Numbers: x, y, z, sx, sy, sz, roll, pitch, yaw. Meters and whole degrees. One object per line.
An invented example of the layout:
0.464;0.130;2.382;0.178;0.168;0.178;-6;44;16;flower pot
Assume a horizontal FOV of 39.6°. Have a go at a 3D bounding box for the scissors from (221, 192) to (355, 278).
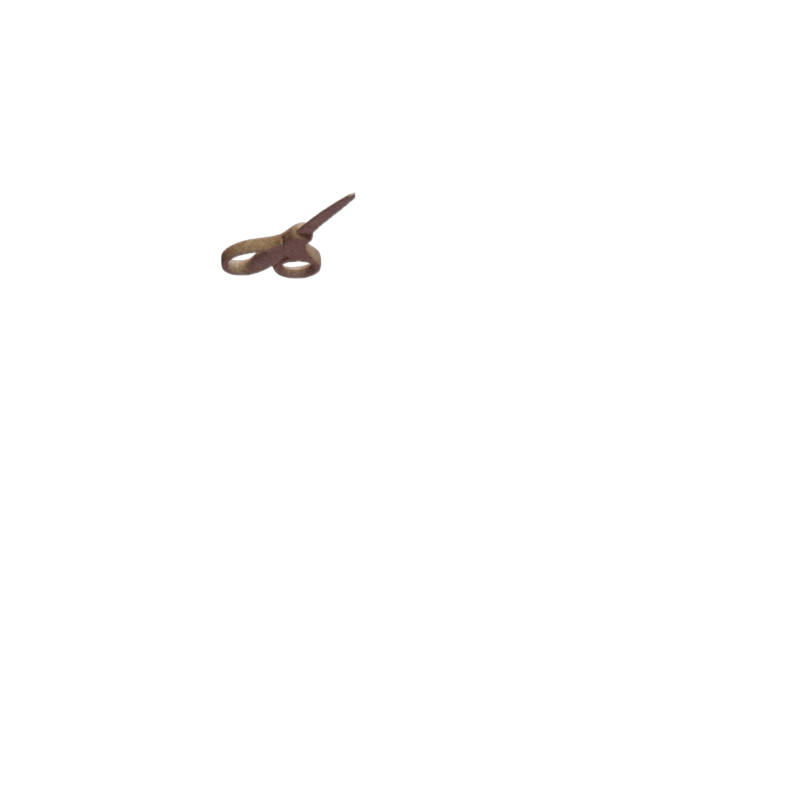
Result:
-0.073;-0.133;0.929;0.091;0.016;0.205;11;-16;-42;scissors
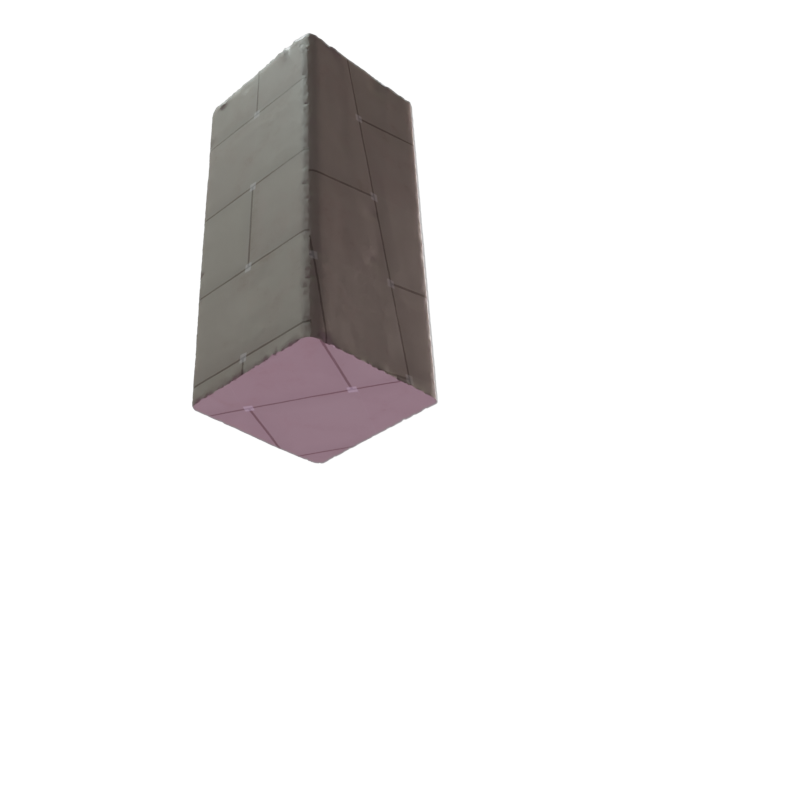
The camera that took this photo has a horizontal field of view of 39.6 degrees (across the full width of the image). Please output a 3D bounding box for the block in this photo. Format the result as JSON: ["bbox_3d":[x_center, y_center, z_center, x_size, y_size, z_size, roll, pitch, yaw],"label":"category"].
[{"bbox_3d":[-0.048,-0.087,0.606,0.085,0.221,0.090,28,-46,-36],"label":"block"}]
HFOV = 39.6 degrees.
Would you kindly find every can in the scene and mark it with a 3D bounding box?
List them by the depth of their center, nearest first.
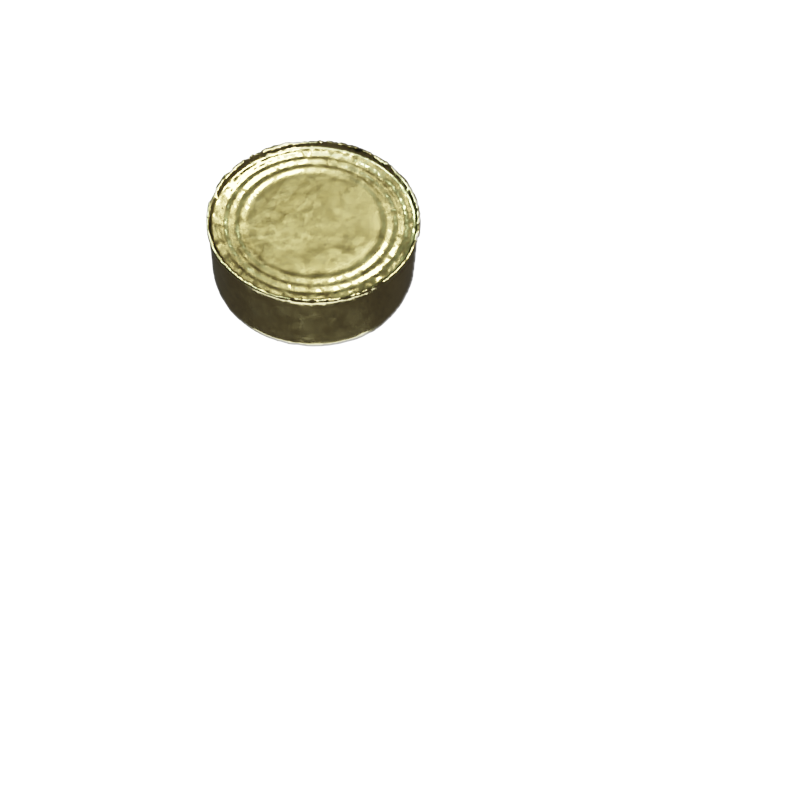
[{"bbox_3d":[-0.036,-0.065,0.455,0.086,0.092,0.031,-1,-37,-1],"label":"can"}]
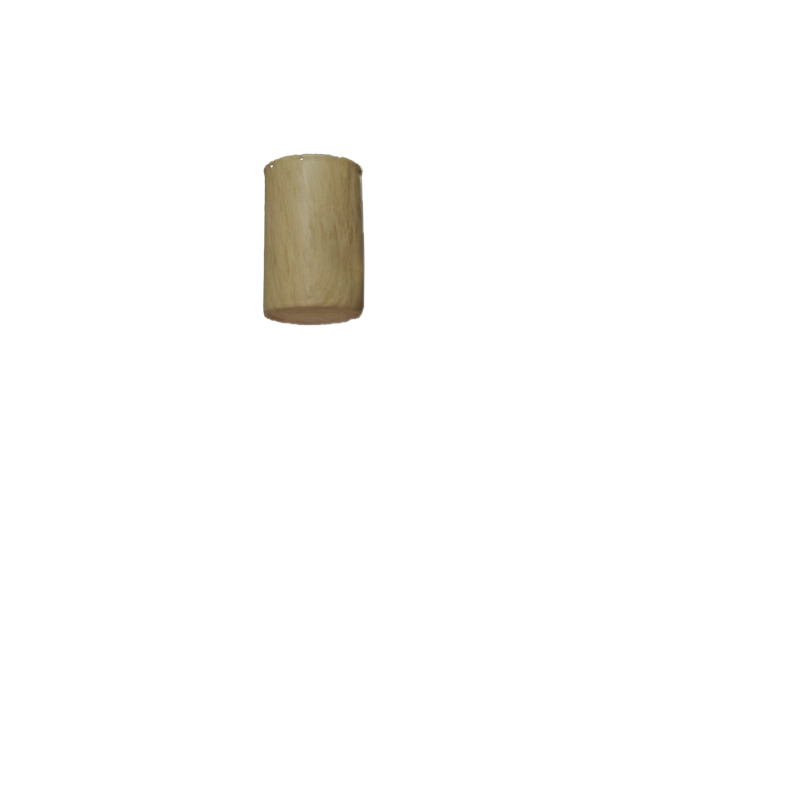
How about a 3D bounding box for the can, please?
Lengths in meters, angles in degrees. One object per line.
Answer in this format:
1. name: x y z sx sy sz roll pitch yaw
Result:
1. can: -0.058 -0.106 0.744 0.068 0.106 0.066 0 -12 -2
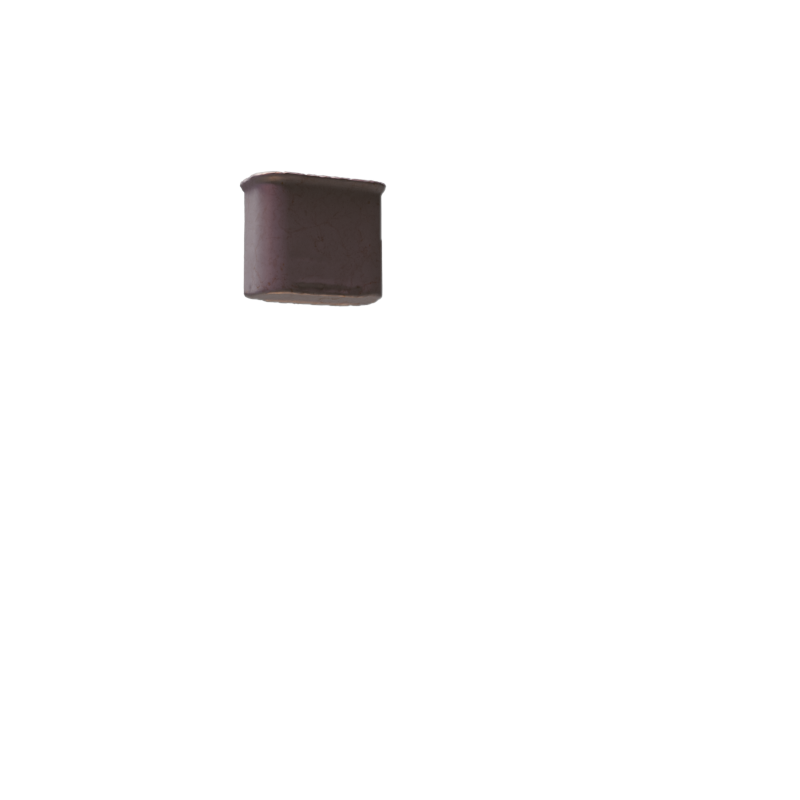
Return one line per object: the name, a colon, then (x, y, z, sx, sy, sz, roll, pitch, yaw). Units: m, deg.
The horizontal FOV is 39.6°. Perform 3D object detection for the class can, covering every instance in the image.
------------------------------------------------------------
Exercise requirements:
Copy all of the material word for word, and include none of its pictures.

Written solution:
Numbers: x, y, z, sx, sy, sz, roll, pitch, yaw. Meters and whole degrees. One object per line.
An invented example of the layout:
0.464;0.130;2.382;0.178;0.168;0.178;-6;44;16;flower pot
Assume a horizontal FOV of 39.6°. Have a go at a 3D bounding box for the scissors from (221, 192) to (355, 278).
Result:
-0.073;-0.133;0.929;0.091;0.016;0.205;11;-16;-42;scissors
The camera that took this photo has a horizontal field of view of 39.6 degrees (across the full width of the image). Please output a 3D bounding box for the block in this photo. Format the result as JSON: ["bbox_3d":[x_center, y_center, z_center, x_size, y_size, z_size, roll, pitch, yaw],"label":"category"].
[{"bbox_3d":[-0.048,-0.087,0.606,0.085,0.221,0.090,28,-46,-36],"label":"block"}]
HFOV = 39.6 degrees.
Would you kindly find every can in the scene and mark it with a 3D bounding box?
List them by the depth of their center, nearest first.
[{"bbox_3d":[-0.036,-0.065,0.455,0.086,0.092,0.031,-1,-37,-1],"label":"can"}]
How about a 3D bounding box for the can, please?
Lengths in meters, angles in degrees. One object per line.
Answer in this format:
1. name: x y z sx sy sz roll pitch yaw
Result:
1. can: -0.058 -0.106 0.744 0.068 0.106 0.066 0 -12 -2
Return one line per object: the name, a colon, then (x, y, z, sx, sy, sz, roll, pitch, yaw). Units: m, deg.
The horizontal FOV is 39.6°. Perform 3D object detection for the class can, covering every instance in the image.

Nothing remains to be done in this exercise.